Bisexuals are greedy.

Here's what I'm thinking so far:

Bisexuals as a whole are no more greedy than any other group. Heterosexuals are just as greedy, same with gays/lesbians. My reason for this statement, it is an individual who may or may not be greedy. I myself am a happy monogamous bisexual person.

This all came about when we were discussing lifestyle and the acceptance in sociology. The teacher started with how gays and lesbians have been treated historically, and the progress being made. It was at this point when a girl in the back of the class raised her hand simply to state that bisexuals are greedy. "They just want everybody" she said. I've come across this line of thinking before and want to empirically dispell is once and for all. Can I get some help?
 
Bi-sexuals are smarter, they know that both opposite and same sex can provide diversion, heat and love!
 
I can't stick around too long right now. Life is pulling me in too many directions, mostly relating to finals week. I'd like to let this idead simmer, pick up some responses, and come back in a few hours to see what's going on. I appreciate any insight and information. I don't like generalized statements, like the one the girl made in class, and want some community feedback that I could share, if the community would privlage me to do so. I thank you in advance.
 
Bi Lifestyle a Choice

Well, for what's it worth, here are my two cents.

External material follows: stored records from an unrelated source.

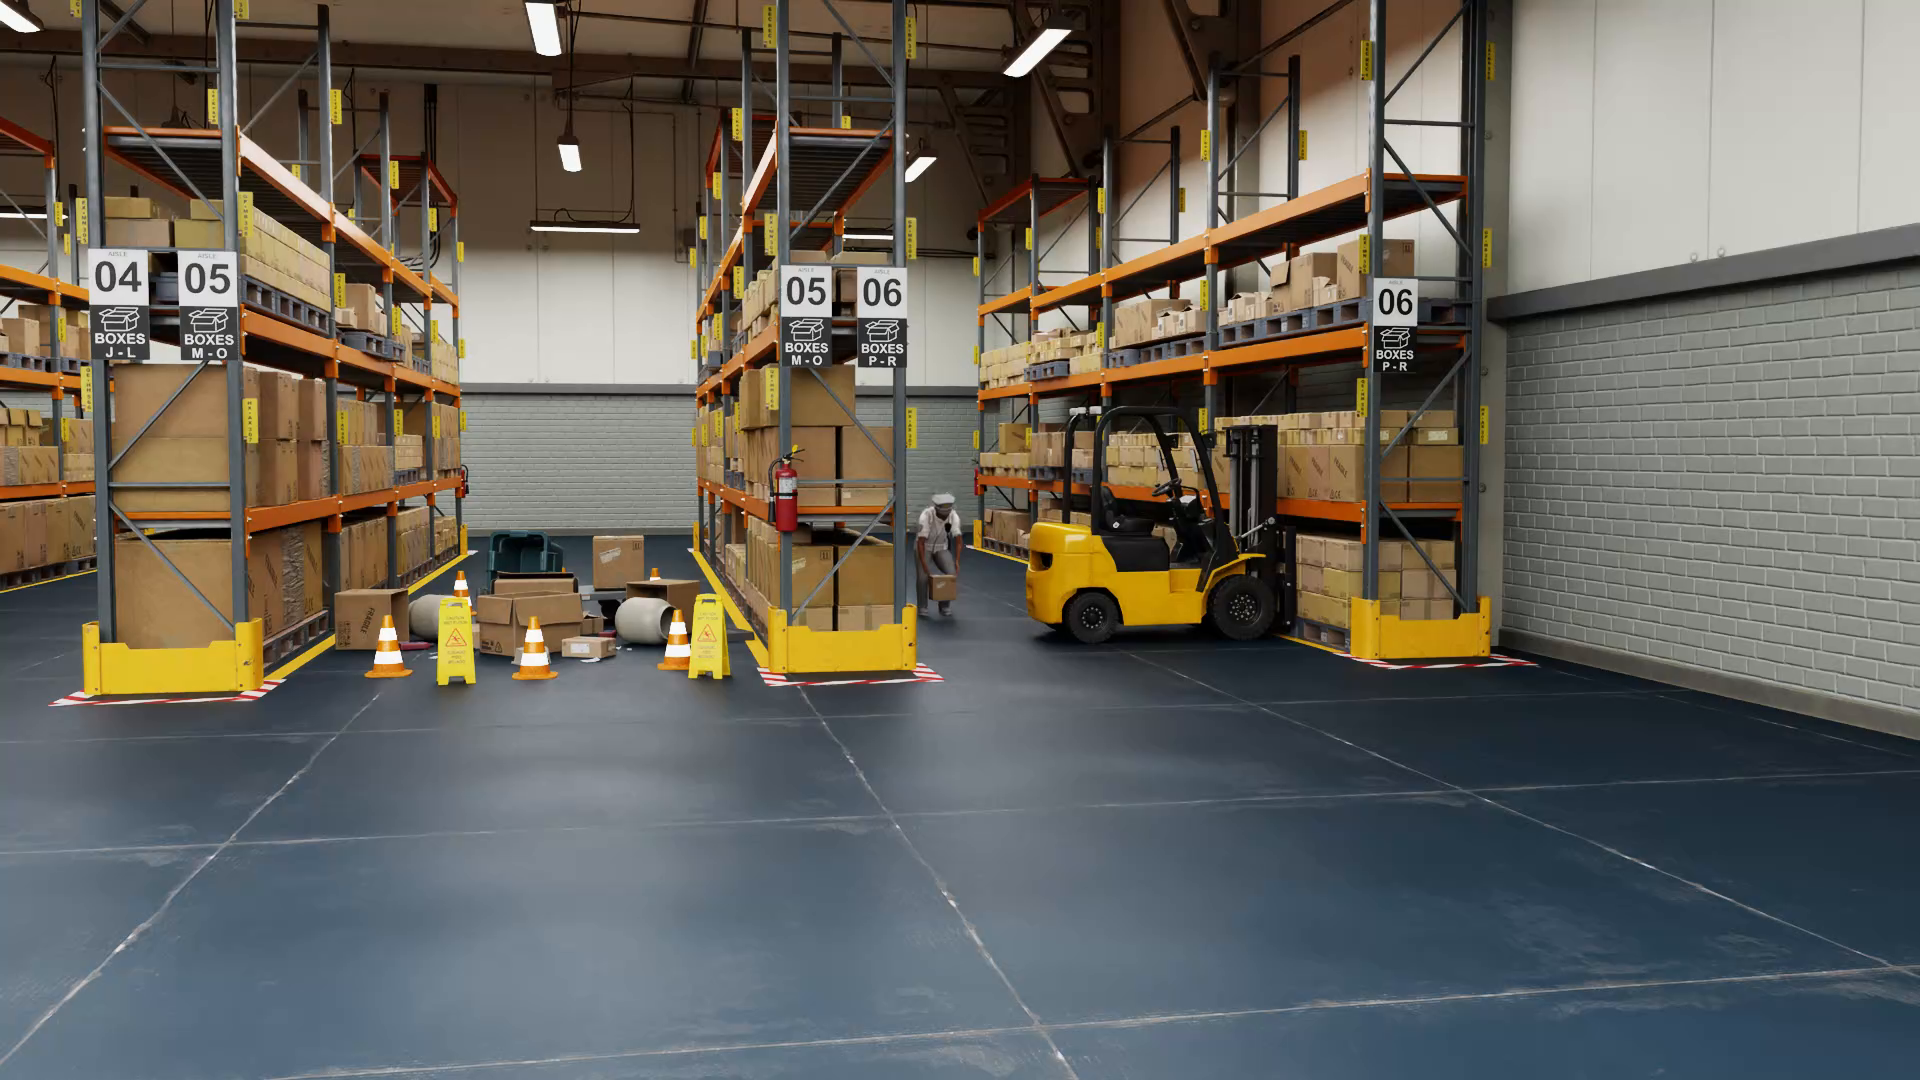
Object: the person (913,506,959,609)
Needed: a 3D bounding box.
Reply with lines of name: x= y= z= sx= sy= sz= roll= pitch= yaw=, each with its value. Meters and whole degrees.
person: x=-0.273 y=0.187 z=17.787 sx=0.443 sy=1.104 sz=0.532 roll=-1 pitch=3 yaw=-11
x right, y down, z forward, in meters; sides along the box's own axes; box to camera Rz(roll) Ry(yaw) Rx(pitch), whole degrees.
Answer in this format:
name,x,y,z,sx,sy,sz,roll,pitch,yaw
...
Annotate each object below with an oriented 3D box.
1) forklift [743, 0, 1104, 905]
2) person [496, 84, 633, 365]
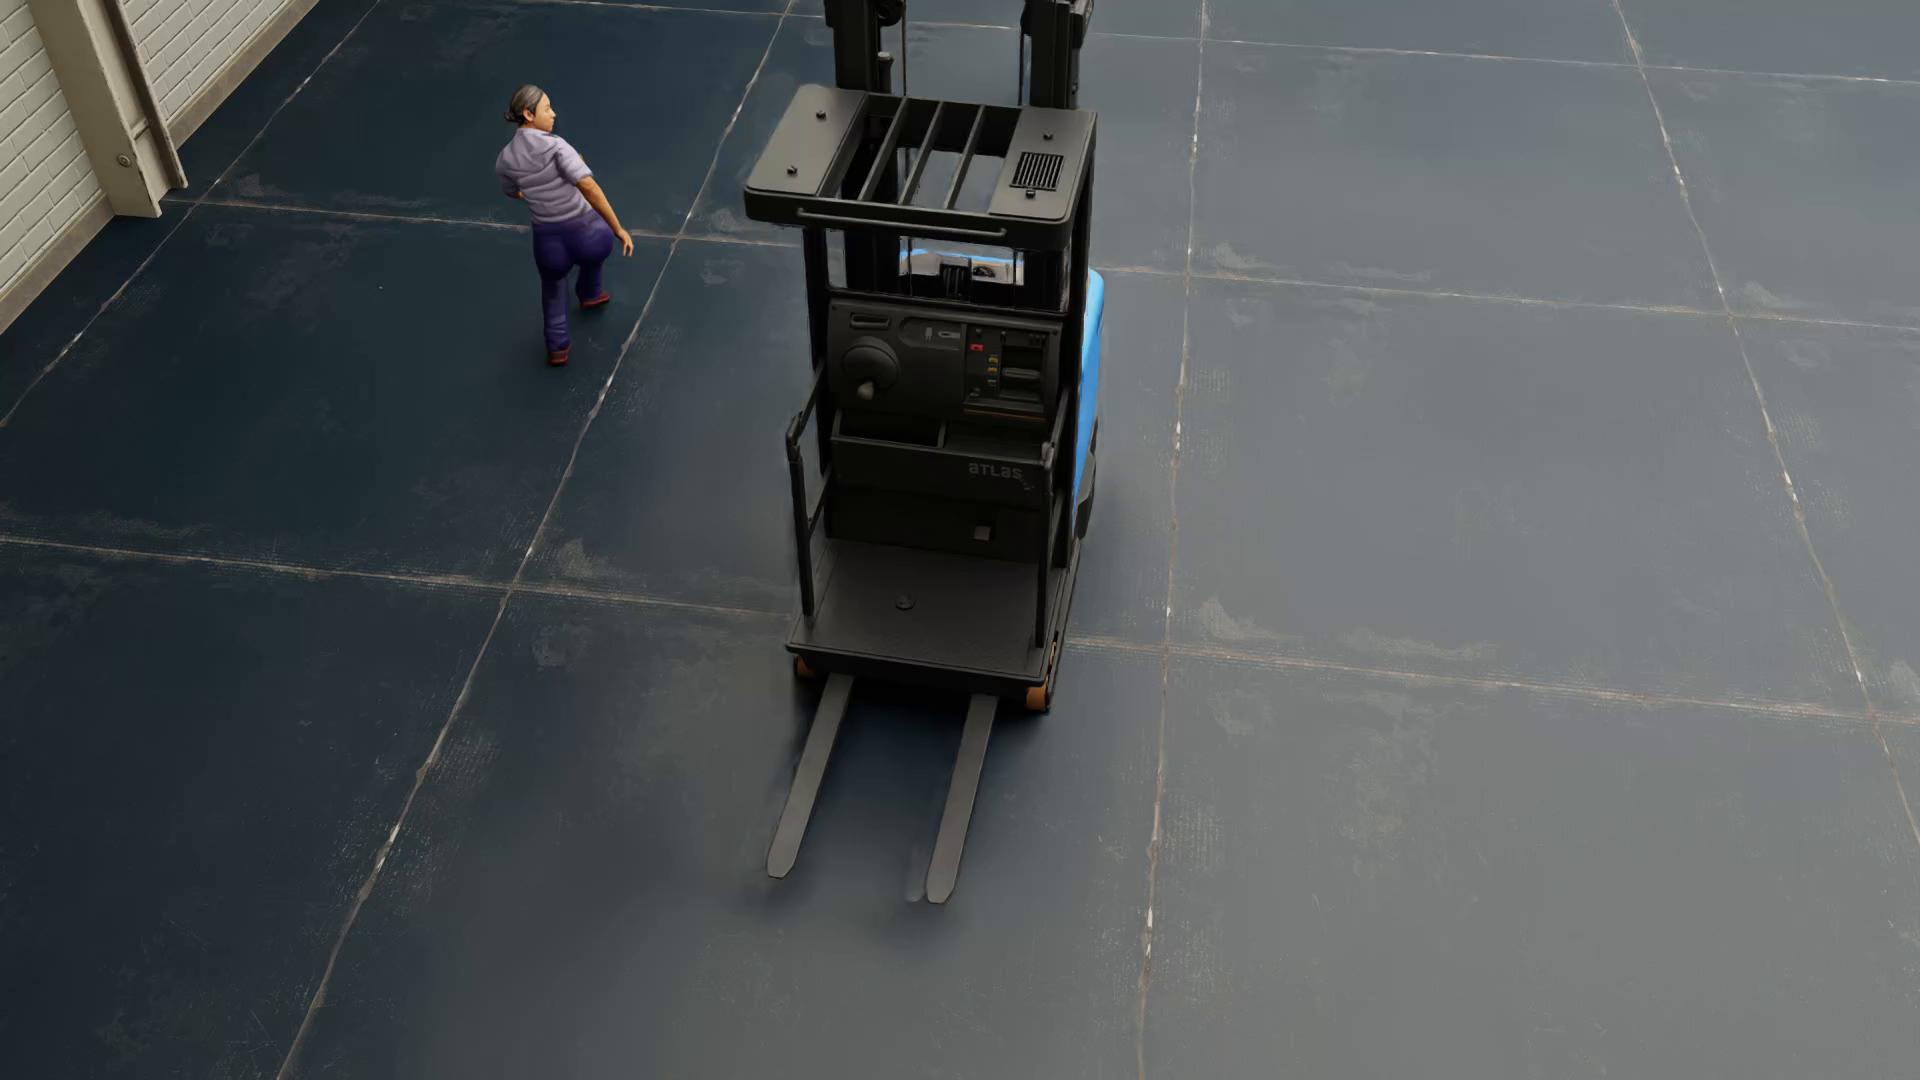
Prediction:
name,x,y,z,sx,sy,sz,roll,pitch,yaw
forklift,-0.105,-0.626,6.405,1.130,2.935,3.031,7,43,8
person,-2.002,-1.672,8.647,0.703,1.473,0.729,0,43,0
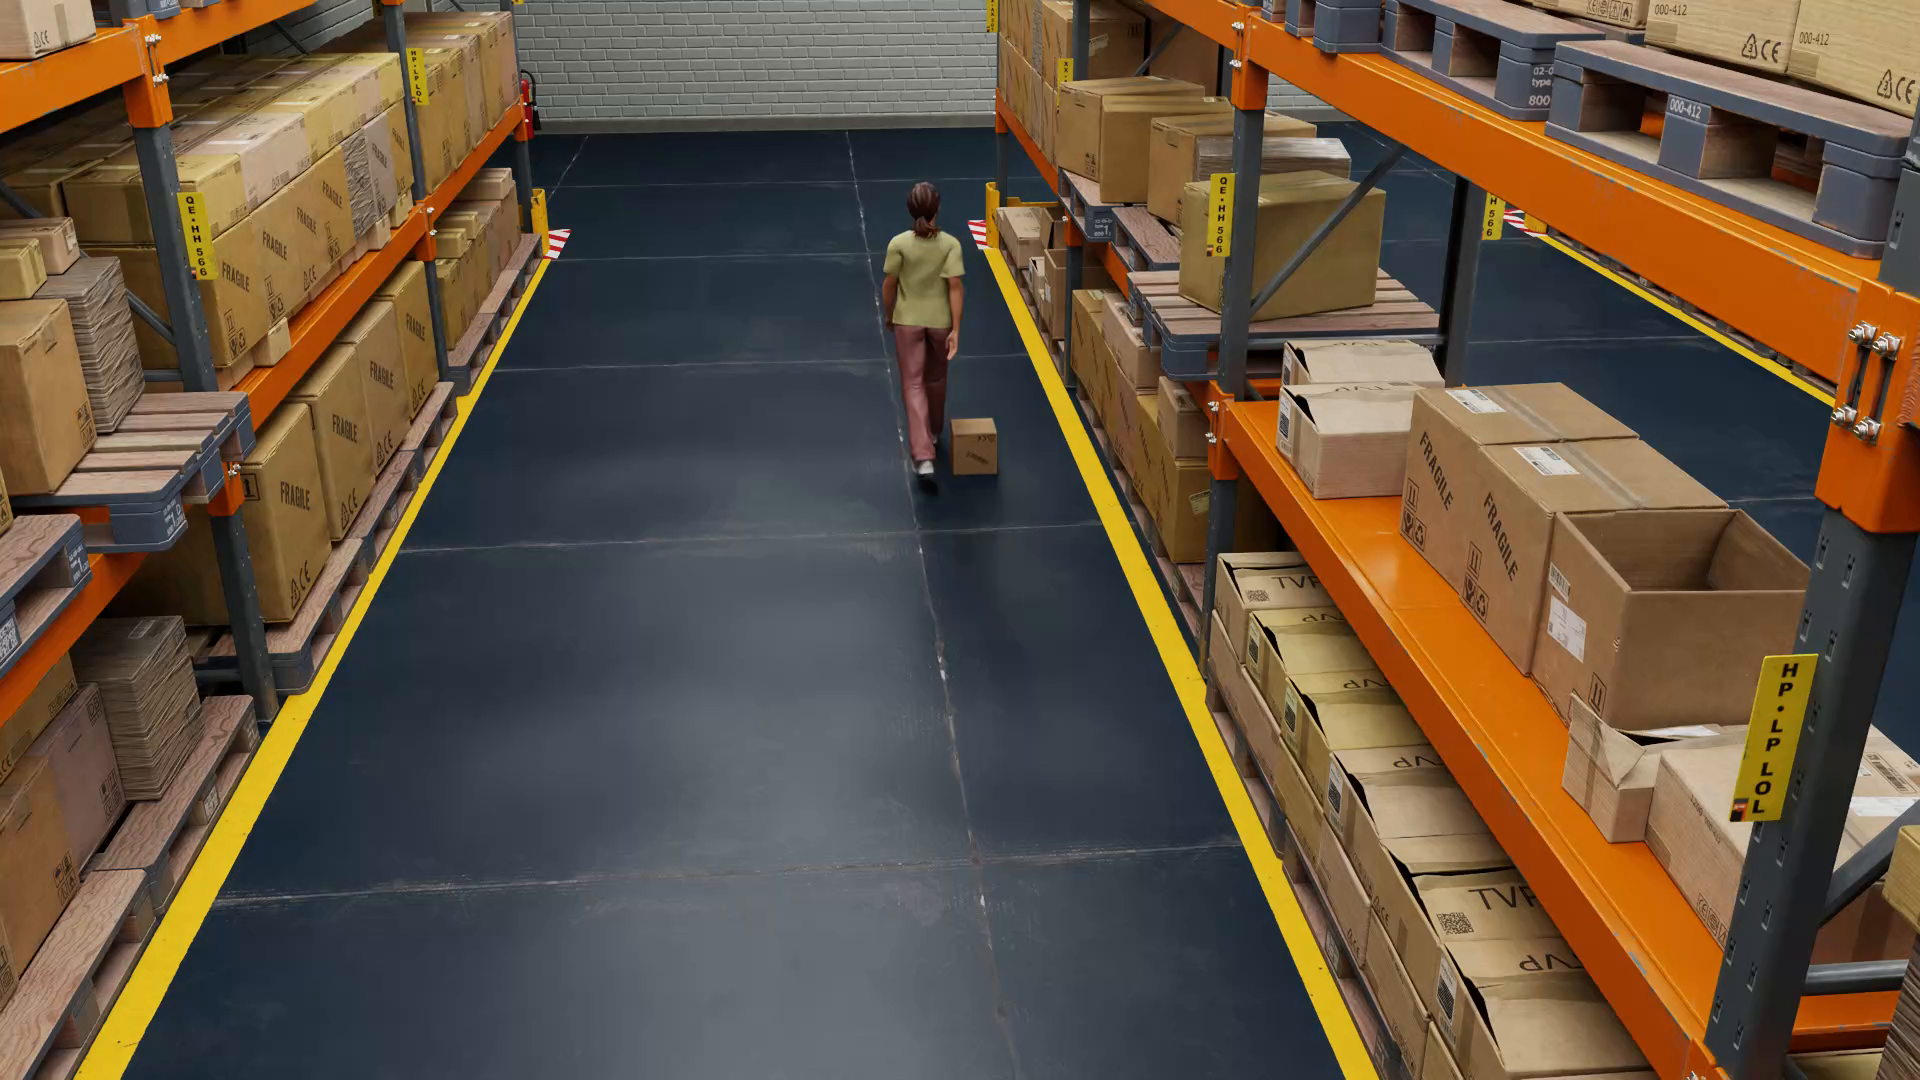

I'm a married (17 years) bi mother of two. The worst myth to me is that bisexuals have always have a choice. This comes from the het community as well as the gay and lesbian community. And yes I know "some" are accpeting, but the majority I've talked to are still suspicious of us because we can't make up our minds. I take exception to this point because I can't control the feelings I have for both men and women, any more than they can control theirs for just men or just women.

Yes, I married a man, more in the day due to what was expected from me, but I've been with women and with my hubby's permission will continue to do so. It's not that I'm greedy and can't just have one relationship, it's that my mind and body DESIRE both, including what both bring to the table, i.e. emotional responses, physical, etc.

It can be the best of both worlds, but it can also be, just as homosexuality is, extremely stessful to anyone who has been repressed and in my opinion is more of a conundrum for male bi-sexuals, as stigma seems to fall on them for it not being masculine to want another man.

Also, on another point, my desire to be with a person has more to do with my connection to their soul, not their genitals.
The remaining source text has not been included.